Input: Train data D_tr, maximum cluster numbers k_max, m base learners L₁, L₂,…,L_m. Set the number of samples in each subset obtained by bagging to n.

Output: Candidate classifier pool Ψ

1: Ψ←∅

2: for 2 to k_maxdo:

3: Use k-means to divide D_tr into k clusters.

4: for each cluster do:

5: Apply GA to optimize SVM to get the SVM with optimal parameters.

6: Add the trained SVM to Ψ.

7: end for
8: Shuffle all the clusters to restore D_tr.

9: end for

10: for 1 to m do:

11: for 1 to n do:

12: Randomly draw a sample from D_tr.

13: end for

14: Use the n samples to train a base learner.

15: Add the trained base learner to Ψ.
16: Put the n samples back to restore D_tr.

17: end for

18: return Ψ

Open in a new tab

Fig 3 — Specific steps of our proposed combined DES method for COVID-19 screening. k represents the number of clusters set for each time. k_max is the maximum number of clusters. B_i is the n samples randomly selected from the training set for the i-th time. L_i is the base classifier obtained by training with B_i, and m is the number of base classifiers.

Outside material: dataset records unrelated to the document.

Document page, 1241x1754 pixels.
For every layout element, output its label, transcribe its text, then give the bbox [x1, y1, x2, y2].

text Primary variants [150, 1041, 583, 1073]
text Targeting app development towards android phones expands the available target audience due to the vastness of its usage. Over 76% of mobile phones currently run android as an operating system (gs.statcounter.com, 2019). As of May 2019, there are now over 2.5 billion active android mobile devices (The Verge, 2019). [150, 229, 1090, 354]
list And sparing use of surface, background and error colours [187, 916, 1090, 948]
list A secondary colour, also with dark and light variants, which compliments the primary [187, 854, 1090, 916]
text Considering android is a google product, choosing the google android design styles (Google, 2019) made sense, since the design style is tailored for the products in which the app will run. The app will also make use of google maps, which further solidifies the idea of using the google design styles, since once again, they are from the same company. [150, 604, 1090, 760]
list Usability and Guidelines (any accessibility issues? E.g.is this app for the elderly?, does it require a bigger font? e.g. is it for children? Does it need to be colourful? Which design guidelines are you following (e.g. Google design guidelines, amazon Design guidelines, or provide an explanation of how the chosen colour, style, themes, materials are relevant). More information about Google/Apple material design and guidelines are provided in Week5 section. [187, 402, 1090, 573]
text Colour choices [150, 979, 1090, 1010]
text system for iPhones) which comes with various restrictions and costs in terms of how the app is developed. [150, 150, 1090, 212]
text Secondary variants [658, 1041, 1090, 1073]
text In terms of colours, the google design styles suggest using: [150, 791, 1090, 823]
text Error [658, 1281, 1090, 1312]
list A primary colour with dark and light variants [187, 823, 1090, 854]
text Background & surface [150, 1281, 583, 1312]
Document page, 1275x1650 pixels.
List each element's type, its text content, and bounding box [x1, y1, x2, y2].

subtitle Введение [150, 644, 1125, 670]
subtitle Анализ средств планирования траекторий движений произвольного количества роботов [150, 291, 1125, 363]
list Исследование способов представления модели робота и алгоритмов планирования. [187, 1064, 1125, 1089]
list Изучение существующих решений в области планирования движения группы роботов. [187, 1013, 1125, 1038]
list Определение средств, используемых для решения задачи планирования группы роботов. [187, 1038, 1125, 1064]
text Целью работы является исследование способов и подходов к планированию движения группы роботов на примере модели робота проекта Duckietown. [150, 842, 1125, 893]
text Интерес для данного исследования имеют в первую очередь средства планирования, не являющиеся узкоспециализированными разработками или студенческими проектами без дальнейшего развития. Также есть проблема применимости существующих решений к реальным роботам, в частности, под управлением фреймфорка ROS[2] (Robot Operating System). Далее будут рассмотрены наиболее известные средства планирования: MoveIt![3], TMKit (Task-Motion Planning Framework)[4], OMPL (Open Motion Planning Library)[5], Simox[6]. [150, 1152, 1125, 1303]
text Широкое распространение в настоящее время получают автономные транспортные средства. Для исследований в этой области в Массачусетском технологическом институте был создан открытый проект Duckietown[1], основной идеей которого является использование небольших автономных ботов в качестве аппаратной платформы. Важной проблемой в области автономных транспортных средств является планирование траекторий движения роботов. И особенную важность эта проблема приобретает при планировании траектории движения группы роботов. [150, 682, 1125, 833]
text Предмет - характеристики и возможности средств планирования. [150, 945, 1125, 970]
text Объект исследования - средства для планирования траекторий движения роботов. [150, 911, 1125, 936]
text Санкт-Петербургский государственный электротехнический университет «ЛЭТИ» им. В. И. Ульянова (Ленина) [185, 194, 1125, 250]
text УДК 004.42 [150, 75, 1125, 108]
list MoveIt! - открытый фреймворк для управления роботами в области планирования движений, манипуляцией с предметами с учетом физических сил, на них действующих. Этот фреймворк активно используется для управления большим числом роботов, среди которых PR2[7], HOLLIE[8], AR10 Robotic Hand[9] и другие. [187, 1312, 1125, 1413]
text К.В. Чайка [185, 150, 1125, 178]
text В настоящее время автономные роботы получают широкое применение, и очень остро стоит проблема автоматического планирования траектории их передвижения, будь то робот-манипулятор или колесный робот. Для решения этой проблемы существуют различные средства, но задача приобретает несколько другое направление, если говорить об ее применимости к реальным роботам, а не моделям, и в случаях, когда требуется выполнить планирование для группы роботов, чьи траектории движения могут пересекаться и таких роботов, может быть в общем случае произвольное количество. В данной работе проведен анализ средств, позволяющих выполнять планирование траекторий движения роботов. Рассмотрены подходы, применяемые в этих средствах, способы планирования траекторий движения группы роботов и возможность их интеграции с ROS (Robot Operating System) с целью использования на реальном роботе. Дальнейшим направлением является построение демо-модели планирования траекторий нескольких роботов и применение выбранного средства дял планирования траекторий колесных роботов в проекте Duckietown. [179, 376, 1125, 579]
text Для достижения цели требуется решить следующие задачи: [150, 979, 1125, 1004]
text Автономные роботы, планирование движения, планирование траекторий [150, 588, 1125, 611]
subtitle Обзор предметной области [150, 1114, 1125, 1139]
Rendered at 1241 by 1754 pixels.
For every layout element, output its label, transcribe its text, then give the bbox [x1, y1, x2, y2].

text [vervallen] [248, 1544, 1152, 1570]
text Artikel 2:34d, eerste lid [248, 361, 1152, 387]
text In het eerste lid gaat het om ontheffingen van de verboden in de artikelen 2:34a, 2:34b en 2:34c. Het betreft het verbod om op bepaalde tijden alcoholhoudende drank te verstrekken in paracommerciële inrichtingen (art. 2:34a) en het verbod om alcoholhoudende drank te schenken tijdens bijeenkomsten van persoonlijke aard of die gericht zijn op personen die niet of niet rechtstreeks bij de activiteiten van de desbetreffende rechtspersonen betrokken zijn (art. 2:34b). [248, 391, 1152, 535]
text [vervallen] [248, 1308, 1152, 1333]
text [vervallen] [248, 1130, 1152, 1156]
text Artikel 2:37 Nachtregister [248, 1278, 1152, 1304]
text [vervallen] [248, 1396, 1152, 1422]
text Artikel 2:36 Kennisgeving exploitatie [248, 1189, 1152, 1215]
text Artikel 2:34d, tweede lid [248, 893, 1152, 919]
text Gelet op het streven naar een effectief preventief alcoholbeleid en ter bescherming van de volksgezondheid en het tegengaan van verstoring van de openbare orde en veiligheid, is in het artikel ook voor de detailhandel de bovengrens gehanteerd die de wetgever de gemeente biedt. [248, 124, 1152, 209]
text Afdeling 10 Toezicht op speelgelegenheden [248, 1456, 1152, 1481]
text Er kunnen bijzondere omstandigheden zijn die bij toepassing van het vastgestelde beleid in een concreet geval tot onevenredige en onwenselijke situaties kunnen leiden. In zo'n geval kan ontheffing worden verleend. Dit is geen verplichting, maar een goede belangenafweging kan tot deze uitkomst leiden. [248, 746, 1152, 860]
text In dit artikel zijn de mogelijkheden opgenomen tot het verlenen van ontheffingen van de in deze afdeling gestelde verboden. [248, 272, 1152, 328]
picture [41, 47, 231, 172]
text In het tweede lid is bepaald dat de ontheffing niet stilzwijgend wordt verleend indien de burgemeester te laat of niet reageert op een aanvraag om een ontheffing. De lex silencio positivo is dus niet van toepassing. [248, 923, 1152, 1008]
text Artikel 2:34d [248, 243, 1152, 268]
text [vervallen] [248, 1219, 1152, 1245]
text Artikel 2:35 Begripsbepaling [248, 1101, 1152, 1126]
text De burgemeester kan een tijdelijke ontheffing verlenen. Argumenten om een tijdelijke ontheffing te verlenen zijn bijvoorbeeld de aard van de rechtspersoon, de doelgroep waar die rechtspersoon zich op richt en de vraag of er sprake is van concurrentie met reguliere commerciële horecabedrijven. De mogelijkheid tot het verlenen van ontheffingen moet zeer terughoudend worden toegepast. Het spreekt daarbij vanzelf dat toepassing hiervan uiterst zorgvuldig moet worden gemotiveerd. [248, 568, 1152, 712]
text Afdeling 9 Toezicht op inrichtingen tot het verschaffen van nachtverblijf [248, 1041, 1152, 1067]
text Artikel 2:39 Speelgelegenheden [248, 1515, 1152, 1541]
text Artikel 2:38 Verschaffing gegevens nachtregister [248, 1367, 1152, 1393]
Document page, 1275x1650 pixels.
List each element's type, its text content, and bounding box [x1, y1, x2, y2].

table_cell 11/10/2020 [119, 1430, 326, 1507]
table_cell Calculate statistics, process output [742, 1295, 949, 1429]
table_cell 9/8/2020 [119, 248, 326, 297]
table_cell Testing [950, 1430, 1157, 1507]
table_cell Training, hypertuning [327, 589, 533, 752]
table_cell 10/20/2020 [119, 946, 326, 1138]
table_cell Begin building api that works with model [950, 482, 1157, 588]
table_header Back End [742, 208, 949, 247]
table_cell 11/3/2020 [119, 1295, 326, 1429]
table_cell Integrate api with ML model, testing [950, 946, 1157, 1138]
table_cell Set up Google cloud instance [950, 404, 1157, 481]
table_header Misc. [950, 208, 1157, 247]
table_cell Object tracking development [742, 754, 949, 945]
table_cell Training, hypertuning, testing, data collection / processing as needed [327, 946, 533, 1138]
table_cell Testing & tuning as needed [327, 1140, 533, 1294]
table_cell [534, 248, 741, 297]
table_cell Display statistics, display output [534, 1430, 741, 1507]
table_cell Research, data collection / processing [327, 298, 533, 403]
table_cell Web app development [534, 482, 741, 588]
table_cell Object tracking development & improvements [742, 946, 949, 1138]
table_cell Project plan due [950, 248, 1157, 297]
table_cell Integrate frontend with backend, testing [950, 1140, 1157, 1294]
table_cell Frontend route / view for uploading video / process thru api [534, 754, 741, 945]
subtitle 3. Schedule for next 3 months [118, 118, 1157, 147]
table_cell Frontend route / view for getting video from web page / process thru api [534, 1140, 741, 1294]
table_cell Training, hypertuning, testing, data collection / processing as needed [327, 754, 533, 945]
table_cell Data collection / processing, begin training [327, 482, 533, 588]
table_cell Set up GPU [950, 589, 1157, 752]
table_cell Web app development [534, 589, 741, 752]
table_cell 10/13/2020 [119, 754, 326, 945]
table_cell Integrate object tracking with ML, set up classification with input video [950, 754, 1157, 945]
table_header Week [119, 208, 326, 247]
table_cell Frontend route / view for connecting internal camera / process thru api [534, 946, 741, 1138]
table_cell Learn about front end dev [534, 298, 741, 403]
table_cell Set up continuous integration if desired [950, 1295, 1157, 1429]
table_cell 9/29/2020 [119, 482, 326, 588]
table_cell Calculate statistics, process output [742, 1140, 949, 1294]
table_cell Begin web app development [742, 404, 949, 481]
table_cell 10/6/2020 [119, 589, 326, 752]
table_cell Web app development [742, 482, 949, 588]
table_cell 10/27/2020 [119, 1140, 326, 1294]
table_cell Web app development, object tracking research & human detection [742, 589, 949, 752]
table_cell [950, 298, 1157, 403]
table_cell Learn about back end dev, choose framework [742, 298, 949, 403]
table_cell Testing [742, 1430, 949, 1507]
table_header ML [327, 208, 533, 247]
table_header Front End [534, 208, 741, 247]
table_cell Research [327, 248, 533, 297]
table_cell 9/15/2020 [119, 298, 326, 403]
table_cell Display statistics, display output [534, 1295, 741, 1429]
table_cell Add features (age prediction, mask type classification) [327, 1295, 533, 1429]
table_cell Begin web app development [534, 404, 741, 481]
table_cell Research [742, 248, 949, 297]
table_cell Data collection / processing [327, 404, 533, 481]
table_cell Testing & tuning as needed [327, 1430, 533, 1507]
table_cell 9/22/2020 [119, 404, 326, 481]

Firstly, in part of generating candidate classifiers based on clustering, we cluster the training set multiple times by k-means with different k values. After each k-means clustering, we put the samples back in order to cluster the original training set again. The number of clusters for each time is taken from 2 to the preset maximum number of clusters k_max. For example, assuming that k_max=5, then the training set will be clustered 4 times, and the value of the number of clusters k will be set to 2, 3, 4, and 5 for each time.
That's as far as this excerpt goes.